Stencil Computations on Cerebras Wafer-Scale Engine

Stencil computations are a fundamental kernel in scientific computing, critical for simulations in domains such as fluid dynamics and climate modeling. However, these computations are often memory-bound on traditional High-Performance Computing architectures like GPUs, struggling against the "Memory Wall". Simultaneously, the rise of AI-oriented hardware, such as the Cerebras Wafer-Scale Engine, offers massive core parallelism and high-bandwidth on-chip memory, though typically optimized for lower-precision workloads. This work investigates the viability of bridging this divergence by mapping stencil algorithms onto the Cerebras WSE-3. The study introduces CStencil, a novel framework designed to implement two-dimensional stencil computations on the WSE-3. To ensure a rigorous and fair performance evaluation, the research also adapts ConvStencil, a state-of-the-art GPU stencil solver, porting it from its original double-precision design to single-precision for execution on an NVIDIA A100 GPU. Experimental results show that the WSE-3's distributed SRAM and mesh interconnect effectively eliminate the off-chip memory bottlenecks common in GPU implementations. CStencil achieves speedups of up to 342x over the adapted ConvStencil version. A roofline model analysis further confirms that CStencil saturates the available compute and memory resources, demonstrating that the WSE dataflow architecture can be successfully repurposed for traditional scientific algorithms. These findings highlight the potential of the WSE-3 to deliver hardware utilization levels unattainable on conventional systems, offering a promising path toward overcoming the memory limitations of current HPC architectures.

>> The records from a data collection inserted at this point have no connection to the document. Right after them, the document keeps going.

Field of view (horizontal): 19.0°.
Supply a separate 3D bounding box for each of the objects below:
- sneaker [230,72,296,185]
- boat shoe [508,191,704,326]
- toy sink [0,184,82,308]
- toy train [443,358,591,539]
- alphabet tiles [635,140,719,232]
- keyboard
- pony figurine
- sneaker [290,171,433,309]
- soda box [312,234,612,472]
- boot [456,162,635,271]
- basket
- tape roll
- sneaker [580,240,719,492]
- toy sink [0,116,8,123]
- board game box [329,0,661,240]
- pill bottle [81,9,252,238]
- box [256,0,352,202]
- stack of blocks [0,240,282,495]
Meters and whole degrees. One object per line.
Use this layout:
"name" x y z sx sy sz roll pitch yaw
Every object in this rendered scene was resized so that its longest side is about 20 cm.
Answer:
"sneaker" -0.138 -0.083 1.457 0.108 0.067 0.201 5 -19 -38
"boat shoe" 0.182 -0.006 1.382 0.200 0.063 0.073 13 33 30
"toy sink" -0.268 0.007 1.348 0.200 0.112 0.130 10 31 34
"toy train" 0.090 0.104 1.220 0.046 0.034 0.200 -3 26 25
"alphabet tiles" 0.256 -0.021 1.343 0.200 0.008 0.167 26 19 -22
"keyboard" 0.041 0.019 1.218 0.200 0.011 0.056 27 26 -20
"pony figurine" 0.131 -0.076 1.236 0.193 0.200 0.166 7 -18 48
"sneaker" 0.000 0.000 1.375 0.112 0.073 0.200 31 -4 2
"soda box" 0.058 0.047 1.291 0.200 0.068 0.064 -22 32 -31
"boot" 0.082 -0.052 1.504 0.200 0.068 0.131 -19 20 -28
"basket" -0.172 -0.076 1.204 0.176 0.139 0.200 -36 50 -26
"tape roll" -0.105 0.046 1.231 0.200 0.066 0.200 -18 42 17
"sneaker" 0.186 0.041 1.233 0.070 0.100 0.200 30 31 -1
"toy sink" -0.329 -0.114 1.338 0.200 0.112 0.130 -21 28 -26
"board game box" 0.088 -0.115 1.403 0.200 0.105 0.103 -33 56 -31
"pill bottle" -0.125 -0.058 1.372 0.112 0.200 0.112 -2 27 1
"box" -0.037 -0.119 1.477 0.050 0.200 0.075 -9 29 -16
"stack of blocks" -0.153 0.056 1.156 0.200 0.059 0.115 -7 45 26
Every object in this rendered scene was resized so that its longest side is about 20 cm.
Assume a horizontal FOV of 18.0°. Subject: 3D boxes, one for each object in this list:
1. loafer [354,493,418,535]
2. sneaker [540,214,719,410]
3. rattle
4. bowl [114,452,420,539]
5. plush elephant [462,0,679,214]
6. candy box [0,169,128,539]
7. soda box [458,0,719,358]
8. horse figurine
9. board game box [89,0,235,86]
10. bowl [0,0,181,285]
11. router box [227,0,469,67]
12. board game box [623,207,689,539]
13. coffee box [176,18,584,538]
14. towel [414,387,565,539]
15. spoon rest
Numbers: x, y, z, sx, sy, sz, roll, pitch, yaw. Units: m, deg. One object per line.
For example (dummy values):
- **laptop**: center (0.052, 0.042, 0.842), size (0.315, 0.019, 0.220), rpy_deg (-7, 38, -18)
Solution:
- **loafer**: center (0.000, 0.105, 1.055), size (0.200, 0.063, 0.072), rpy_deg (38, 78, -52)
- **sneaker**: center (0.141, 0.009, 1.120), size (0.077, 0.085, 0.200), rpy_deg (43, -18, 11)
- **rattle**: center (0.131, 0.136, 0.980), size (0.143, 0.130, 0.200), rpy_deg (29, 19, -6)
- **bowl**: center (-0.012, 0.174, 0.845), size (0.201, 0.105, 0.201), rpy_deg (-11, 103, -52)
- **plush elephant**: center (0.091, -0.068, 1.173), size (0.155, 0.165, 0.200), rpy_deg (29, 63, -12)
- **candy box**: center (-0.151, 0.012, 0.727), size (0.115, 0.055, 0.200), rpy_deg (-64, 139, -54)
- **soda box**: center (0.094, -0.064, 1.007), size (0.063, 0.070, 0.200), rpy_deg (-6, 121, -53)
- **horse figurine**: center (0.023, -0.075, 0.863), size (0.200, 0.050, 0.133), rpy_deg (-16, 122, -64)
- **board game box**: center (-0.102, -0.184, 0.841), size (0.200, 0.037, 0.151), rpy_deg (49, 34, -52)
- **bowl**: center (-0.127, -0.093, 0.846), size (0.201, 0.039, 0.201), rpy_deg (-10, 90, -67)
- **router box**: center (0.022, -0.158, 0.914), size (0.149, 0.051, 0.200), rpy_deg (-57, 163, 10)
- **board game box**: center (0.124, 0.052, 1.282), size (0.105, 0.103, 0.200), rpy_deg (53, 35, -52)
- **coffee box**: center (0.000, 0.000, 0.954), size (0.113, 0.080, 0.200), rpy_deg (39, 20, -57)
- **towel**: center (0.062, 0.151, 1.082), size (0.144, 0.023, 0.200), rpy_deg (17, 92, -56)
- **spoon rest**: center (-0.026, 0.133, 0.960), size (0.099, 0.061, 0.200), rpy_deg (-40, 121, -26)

翻译：模板计算是科学计算中的基础核函数，对流体动力学和气候建模等领域的模拟至关重要。然而，在传统高性能计算架构（如GPU）上，这些计算常受限于内存，难以突破“内存墙”。与此同时，面向AI的硬件（例如Cerebras晶圆级引擎）提供了大规模核心并行性和高带宽片上内存，尽管通常针对低精度工作负载进行了优化。本研究通过将模板算法映射到Cerebras WSE-3上，探索弥合这一分歧的可行性。研究提出了CStencil，一种新颖框架，旨在在WSE-3上实现二维模板计算。为确保严谨且公平的性能评估，本研究还改编了ConvStencil（一种先进的GPU模板求解器），将其从原始的双精度设计移植为单精度，以在NVIDIA A100 GPU上执行。实验结果表明，WSE-3的分布式SRAM和网格互连有效消除了GPU实现中常见的片外内存瓶颈。CStencil相比改编后的ConvStencil版本实现了高达342倍的加速。屋脊线模型分析进一步证实，CStencil充分利用了可用的计算和内存资源，证明了WSE数据流架构可成功应用于传统科学算法。这些发现凸显了WSE-3实现传统系统难以达到的硬件利用率的潜力，为克服当前高性能计算架构的内存限制提供了一条有前景的路径。